*Your instructions*
Exactly as they appear below, repeat the lines from the one with "option :universal" through the one with "# See https://github.com/maxmind/geoip-api-c#150", and no others.

*Supplied records*
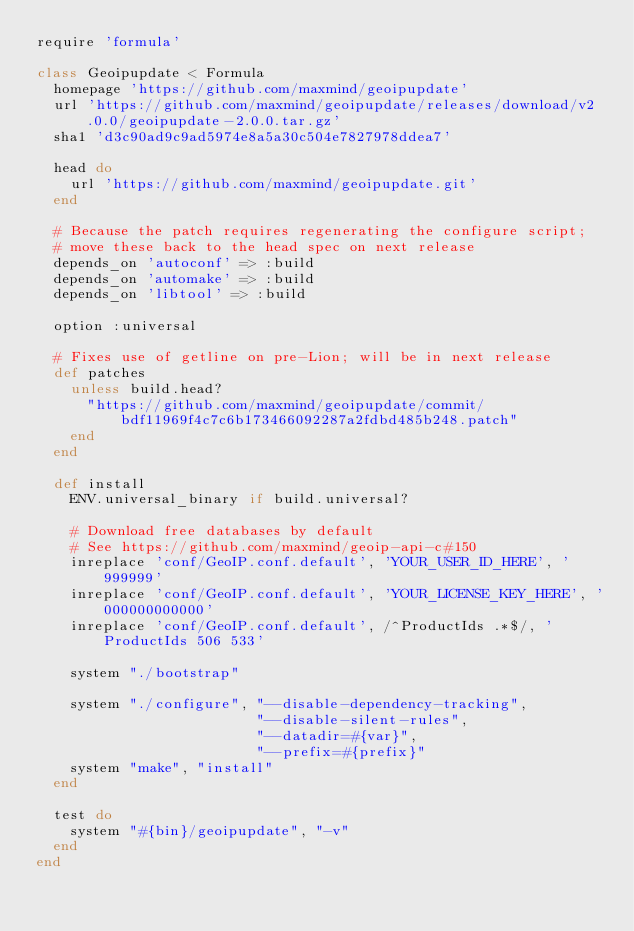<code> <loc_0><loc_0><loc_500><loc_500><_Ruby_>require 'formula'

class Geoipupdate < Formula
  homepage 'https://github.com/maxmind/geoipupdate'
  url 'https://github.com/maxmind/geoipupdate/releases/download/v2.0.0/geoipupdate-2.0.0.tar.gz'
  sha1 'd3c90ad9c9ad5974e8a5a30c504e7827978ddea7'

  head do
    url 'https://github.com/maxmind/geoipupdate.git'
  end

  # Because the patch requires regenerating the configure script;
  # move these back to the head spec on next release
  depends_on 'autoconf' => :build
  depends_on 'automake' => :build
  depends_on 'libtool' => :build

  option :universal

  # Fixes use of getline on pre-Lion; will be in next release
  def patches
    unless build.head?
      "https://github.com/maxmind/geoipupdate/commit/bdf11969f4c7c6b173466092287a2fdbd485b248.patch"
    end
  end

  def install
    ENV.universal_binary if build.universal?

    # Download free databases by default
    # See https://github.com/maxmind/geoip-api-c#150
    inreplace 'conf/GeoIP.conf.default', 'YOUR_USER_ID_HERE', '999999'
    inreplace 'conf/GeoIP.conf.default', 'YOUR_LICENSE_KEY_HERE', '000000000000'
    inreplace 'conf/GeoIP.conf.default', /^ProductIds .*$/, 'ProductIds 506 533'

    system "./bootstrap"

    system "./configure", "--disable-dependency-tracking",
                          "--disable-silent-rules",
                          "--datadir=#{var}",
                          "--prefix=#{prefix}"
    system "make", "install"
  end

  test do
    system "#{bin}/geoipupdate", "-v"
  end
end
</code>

---

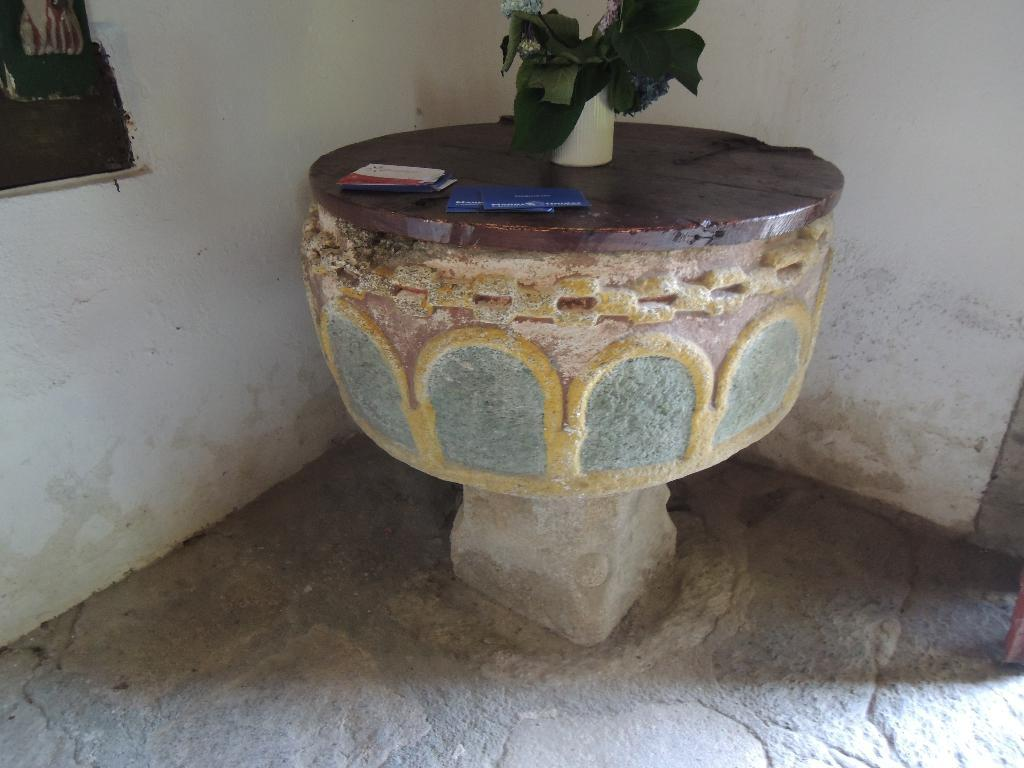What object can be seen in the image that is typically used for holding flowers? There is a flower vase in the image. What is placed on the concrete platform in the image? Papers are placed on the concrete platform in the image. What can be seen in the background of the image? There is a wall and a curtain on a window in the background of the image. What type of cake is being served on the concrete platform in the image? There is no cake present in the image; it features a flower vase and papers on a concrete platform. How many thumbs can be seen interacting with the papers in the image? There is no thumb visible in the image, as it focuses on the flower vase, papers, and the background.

*Response box*
  option :universal

  # Fixes use of getline on pre-Lion; will be in next release
  def patches
    unless build.head?
      "https://github.com/maxmind/geoipupdate/commit/bdf11969f4c7c6b173466092287a2fdbd485b248.patch"
    end
  end

  def install
    ENV.universal_binary if build.universal?

    # Download free databases by default
    # See https://github.com/maxmind/geoip-api-c#150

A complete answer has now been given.